BARBOUR: Well, the truth is, Chris, we have had virtually no oil. … We have had a few tar balls but we have tar balls every year, as a natural product of the Gulf of Mexico. … So, tar balls are no big deal. In fact, I read that Pensacola or the Florida beaches when they have tar balls yesterday didn’t even close. They just sent people out to pick them up and throw them in the bag. The biggest, the biggest negative impact for us has been the news coverage. … The average viewer to this show thinks that the whole coast from Florida to Texas is ankle-deep in oil. … So it may be hard for the viewer to understand, but the worst thing for us has been how our tourist season has been hurt by the misperception of what is going on down here.

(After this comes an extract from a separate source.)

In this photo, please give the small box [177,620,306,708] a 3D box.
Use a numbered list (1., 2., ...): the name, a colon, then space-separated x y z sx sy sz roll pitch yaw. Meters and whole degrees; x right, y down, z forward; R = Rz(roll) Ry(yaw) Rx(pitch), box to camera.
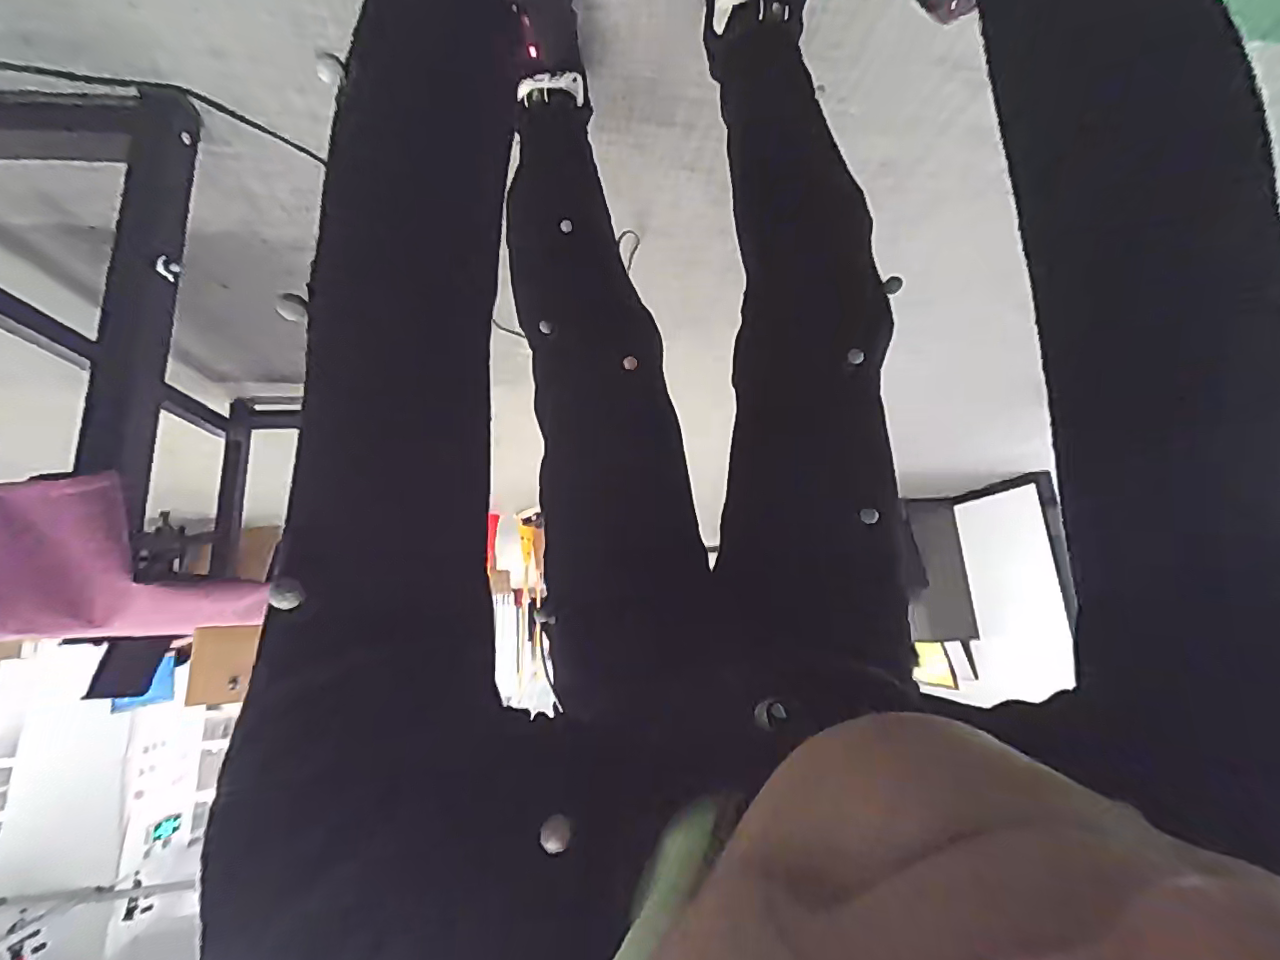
1. small box: -0.890 0.411 1.227 0.179 0.176 0.168 -3 166 -7

The Mississippi Gulf Coast is beautiful. As I tell people, the coast is clear. Come on down!

Barbour has consistently refused to accept the gravity of the situation in the Gulf, and blamed the media for supposedly over-hyping the disaster. He’s compared oil to tooth paste, said all the oil on Mississippi’s beaches could barely “fill up a milk jug,” and handed out gas cards to encourage tourists to “[c]ome on down here and play golf, enjoy the beach, catch a fish.” Meanwhile, dead dolphins have washed ashore on Mississippi’s beaches.

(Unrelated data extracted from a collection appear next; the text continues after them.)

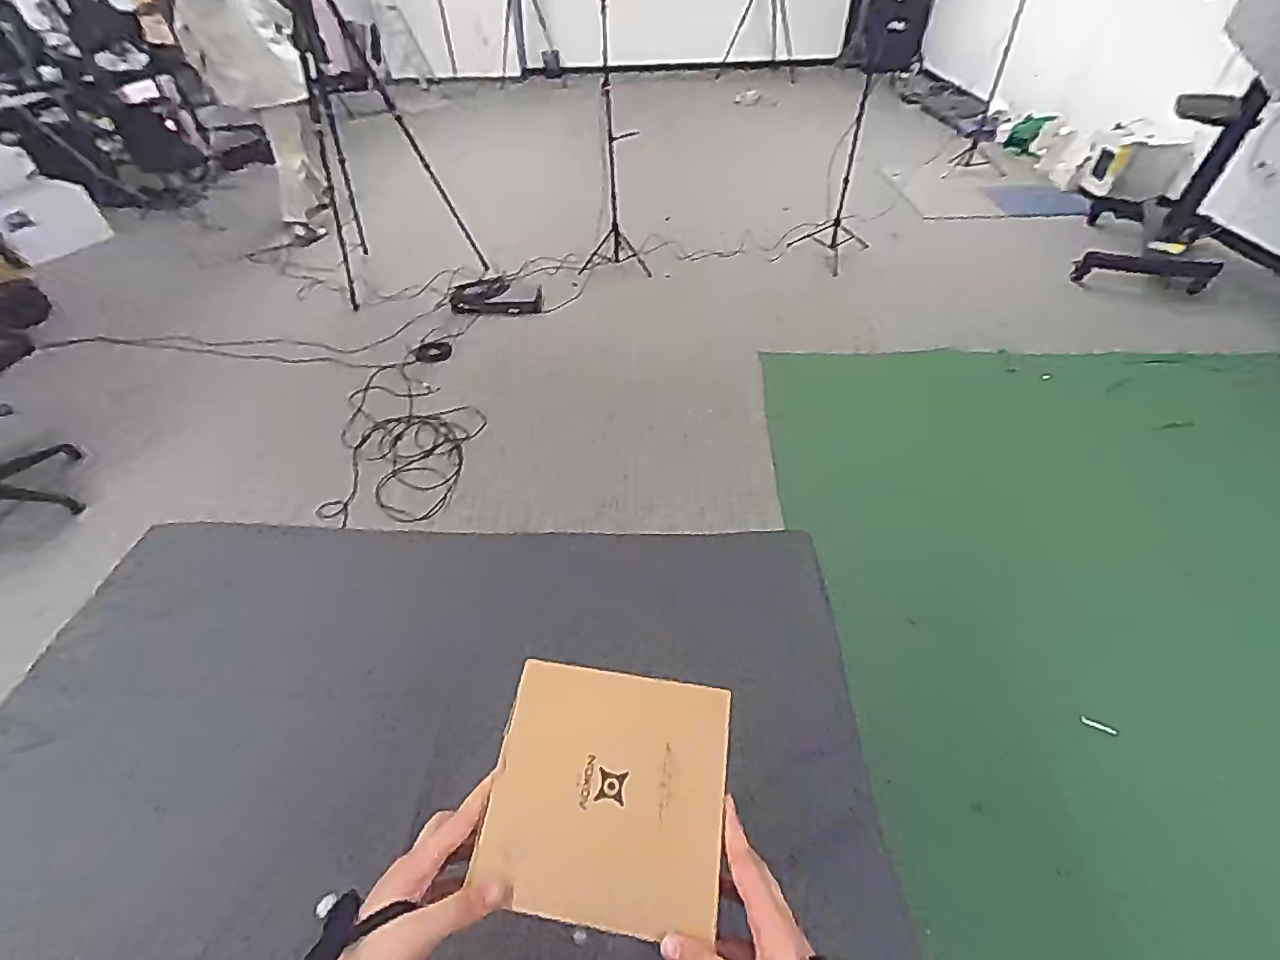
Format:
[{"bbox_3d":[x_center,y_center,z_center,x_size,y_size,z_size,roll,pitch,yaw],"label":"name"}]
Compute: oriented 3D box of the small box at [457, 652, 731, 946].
[{"bbox_3d":[-0.022,0.262,0.459,0.179,0.176,0.168,6,57,7],"label":"small box"}]
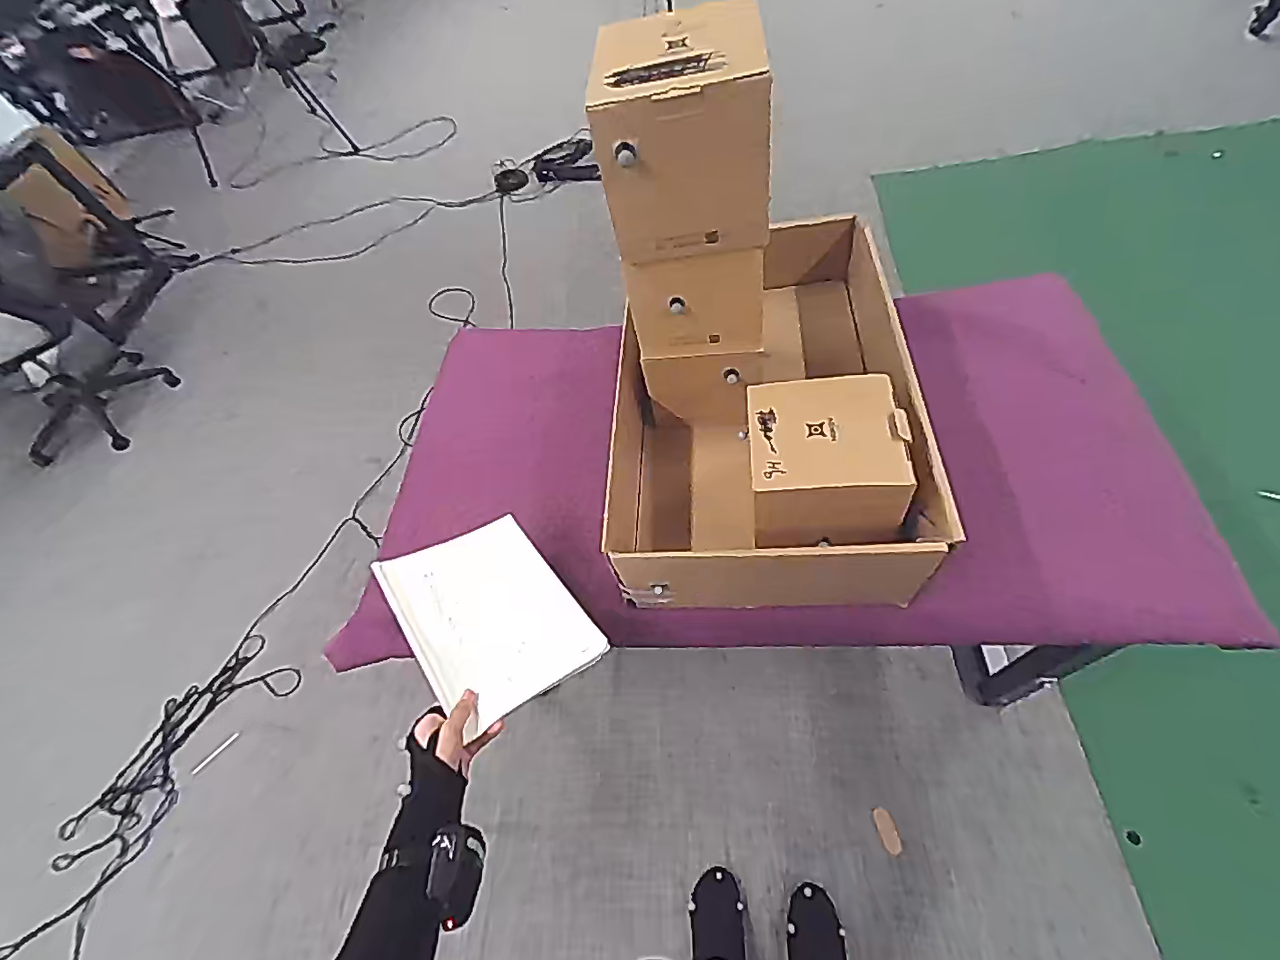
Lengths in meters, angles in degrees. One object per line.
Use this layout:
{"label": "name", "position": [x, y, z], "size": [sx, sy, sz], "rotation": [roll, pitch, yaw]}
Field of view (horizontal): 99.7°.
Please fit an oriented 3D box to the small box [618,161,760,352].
{"label": "small box", "position": [0.075, -0.288, 0.729], "size": [0.168, 0.176, 0.179], "rotation": [-2, 58, 11]}

Barbour went on to suggest that President Obama was “destroying himself” by not adequately responding to the spill, but he had nothing negative to say of BP. Barbour — who received $1.8 million from oil and gas companies for his gubernatorial campaign — explained, “When we ask BP for something, they try to do it.” The lobbying firm Barbour founded relied highly on oil industry clients, with Barbour personally lobbying for regulation changes to the Bush White House.

Meanwhile, Obama has imposed a moratorium on deep water drilling until an investigation of the BP disaster is complete, and Barbour said today he agreed that it’s “critical for our future to find out why this happened.” But in the next breath, he came out strongly against the moratorium, and called for more drilling now:

WALLACE: The White House says until they figure out what happened, a question that you asked, and how to make sure it doesn’t happen again it would be foolish to let the oil companies, including BP, drill new deepwater wells.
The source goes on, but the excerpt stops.